The Sword of Shanarra, from author Terry Brooks, is kind of a cold-war revision of J.R.R. Tolkien’s ideas.
MTV is now developing Shanarra into a TV series, with Jon Favreau signed to direct the pilot.
Deadline reports that Smallville creators Al Gough and Miles Millar are scripting, and that they and Favreau will executive produce with Terry Brooks and Dan Farah. If MTV likes the pilot script, the show will likely get a direct series order.
The first season will be based off the second book, The Elfstones of Shanarra, which is focused around the grandson of the hero from the first novel, and tells the history of the Elves.
For more on this story visit: Russ Fischer, Slashfilm.com
Sword of Shanarra description from Wikipedia:
The Sword of Shannara is a 1977 epic fantasy novel by Terry Brooks. The first book of the Original Shannara Trilogy, it was followed by The Elfstones of Shannara and The Wishsong of Shannara. Heavily derived from J.R.R. Tolkien’s The Lord of the Rings, Brooks began writing The Sword of Shannara in 1967. It took him seven years to complete, as he was writing the novel while attending law school. After being accepted for publication by Ballantine Books, it was used to launch the company’s new subsidiary, Del Rey Books. Upon its release, The Sword of Shannara was a major success and the first fantasy paperback to appear on the New York Times bestseller list. Its success provided a major boost to the commercial expansion of the fantasy genre.
The novel interweaves two major plots into a fictional world called the Four Lands. One follows the protagonist Shea Ohmsford on his quest to obtain the Sword of Shannara and confront the Warlock Lord, the antagonist, with it, while the other shadows Prince Balinor Buckhannah’s attempt to oust his insane brother Palance from the throne of Callahorn while the country and its capital, Tyrsis, come under attack from overwhelming armies of the Warlock Lord. Throughout the novel, underlying themes of mundane heroism and nuclear holocaust appear.

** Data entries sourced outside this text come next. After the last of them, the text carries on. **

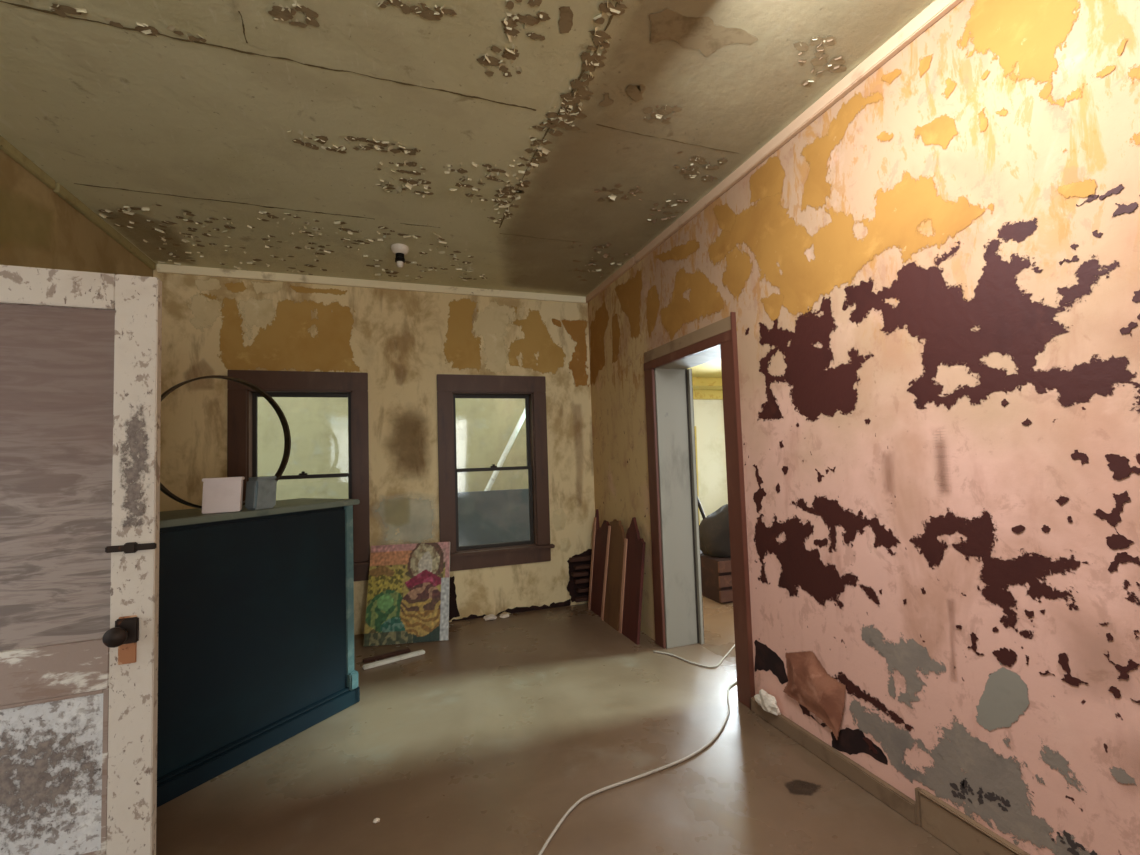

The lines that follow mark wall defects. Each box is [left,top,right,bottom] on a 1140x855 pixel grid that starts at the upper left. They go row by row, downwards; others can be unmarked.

peeling [444,0,627,224]
peeling [957,0,1140,110]
peeling [99,203,487,372]
peeling [444,69,1140,427]
damp [393,417,424,470]
spalling [449,576,460,621]
spalling [567,549,592,602]
spalling [754,640,788,684]
peeling [752,464,1088,639]
peeling [1094,454,1140,605]
peeling [1099,622,1140,703]
flaking render [799,624,1090,855]

The novel has received derision from critics who believe that Brooks derived too much of the novel from J.R.R. Tolkien’s The Lord of the Rings. Some have accused him of lifting the entire plot and many of his characters directly from Lord of the Rings; others have regarded the book more favorably, and say that new writers, including Brooks, often start by copying the style of established writers.